Least privilege in managed SaaS now depends on the quality of delegated workflows. When workflows are over-permissive, the control failure is structural and repeats across tenants. For organisations formalising identity controls, the OWASP Non-Human Identity Top 10 is a useful external benchmark for thinking about access scope, rotation, and governance boundaries.


For practitioners

  • Map delegated administration boundaries Document which tenant actions the MSP can take centrally, which require customer approval, and which must remain client-owned. Review role separation for onboarding, entitlement changes, and emergency access across every tenant.
  • Audit provisioning and deprovisioning workflows Test the full joiner-mover-leaver path for each application class, including removal of stale entitlements, subscription cleanup, and revocation of administrator roles when a contract or tenant relationship changes.
  • Tie usage analytics to access review decisions Use application utilisation and inactivity signals to prioritise certification reviews, but require an owner to validate business need before removal. Do not let dashboards replace reviewer accountability.
  • Separate standard workflows from client-specific policy Keep baseline automation consistent, then layer customer-specific exceptions for sensitive applications, privileged roles, and regulatory requirements so one tenant’s policy does not overwrite another’s.

Key takeaways

  • Centralised SaaS management helps MSPs reduce operational friction, but the real security test is whether tenant-specific identity governance survives the consolidation.
  • Automation and analytics only improve control when they feed lifecycle decisions, access reviews, and deprovisioning in the target systems.
  • For practitioners, the most important question is not whether the platform scales, but whether delegated administration remains auditable, bounded, and client-specific.

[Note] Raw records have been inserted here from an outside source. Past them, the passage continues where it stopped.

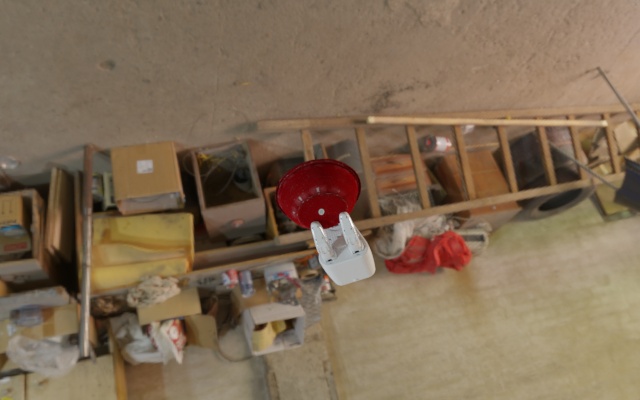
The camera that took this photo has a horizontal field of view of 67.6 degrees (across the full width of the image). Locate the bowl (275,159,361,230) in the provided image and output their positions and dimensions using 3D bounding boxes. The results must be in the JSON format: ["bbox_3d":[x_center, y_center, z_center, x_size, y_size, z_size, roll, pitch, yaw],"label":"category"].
[{"bbox_3d":[-0.001,0.002,0.867,0.162,0.162,0.055,0,43,-12],"label":"bowl"}]
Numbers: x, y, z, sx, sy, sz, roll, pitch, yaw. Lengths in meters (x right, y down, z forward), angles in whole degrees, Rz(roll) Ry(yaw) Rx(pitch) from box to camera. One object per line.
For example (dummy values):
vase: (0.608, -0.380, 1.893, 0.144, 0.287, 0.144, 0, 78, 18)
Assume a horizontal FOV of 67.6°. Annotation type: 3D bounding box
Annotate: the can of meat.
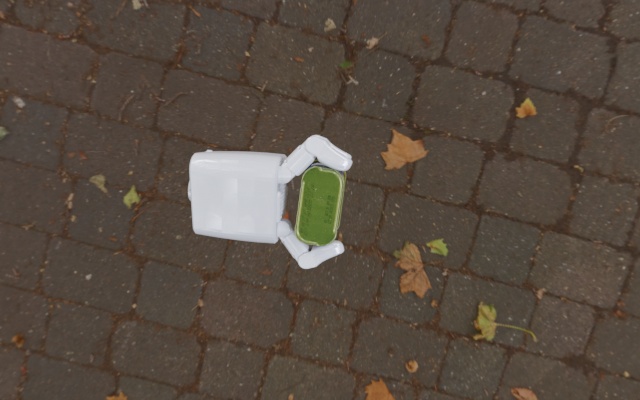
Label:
can of meat: (0.000, 0.002, 0.609, 0.057, 0.102, 0.084, 8, 9, 2)

Standards & Framework Alignment

This section maps relevant standards and security frameworks to the operational risks and controls described in this guidance.

OWASP Non-Human Identity Top 10 address the attack and risk surface, while NIST CSF 2.0 and NIST Zero Trust (SP 800-207) set the governance and control requirements practitioners need to meet.

FrameworkControl / ReferenceRelevance
NIST CSF 2.0PR.AC-4Least-privilege enforcement across tenants maps directly to access control governance.
OWASP Non-Human Identity Top 10NHI-03Automated provisioning and deprovisioning create the same lifecycle risks as other NHI workflows.
NIST Zero Trust (SP 800-207)AC-6Centralised multi-tenant administration needs least-privilege and bounded access decisions.

Apply least-privilege access design to MSP admin roles and keep customer environments explicitly separated.


Key terms

  • Delegated Administration: Delegated administration is the assignment of management rights to a third party or internal operator without transferring full ownership of the environment. In SaaS and MSP settings, it must be bounded by tenant, role, and task so operational convenience does not erase accountability or broaden access beyond intent.
  • Tenant-Specific Governance: Tenant-specific governance is the practice of applying distinct control, approval, and review rules to each customer environment inside a shared platform. It matters in MSP operations because centralised tooling can otherwise hide differences in risk, contractual scope, and regulatory obligations.
  • Access Certification: Access certification is the formal review of whether a person, service account, or delegated role still needs its permissions. In multi-tenant SaaS environments, certification is most useful when it is driven by usage, ownership, and tenant context rather than by a generic approve-or-reject exercise.
  • Lifecycle Offboarding: Lifecycle offboarding is the controlled removal of access, roles, subscriptions, and related entitlements when a user, service, or customer relationship ends. For MSP-managed SaaS, offboarding must verify the target systems have actually revoked access, not just the management layer.

Deepen your knowledge

NHI governance, agentic AI identity, and machine identity lifecycle are core topics in our NHI Foundation Level course, the industry's only accredited NHI security programme. If you are responsible for identity security strategy or NHI governance in your organisation, it is worth exploring.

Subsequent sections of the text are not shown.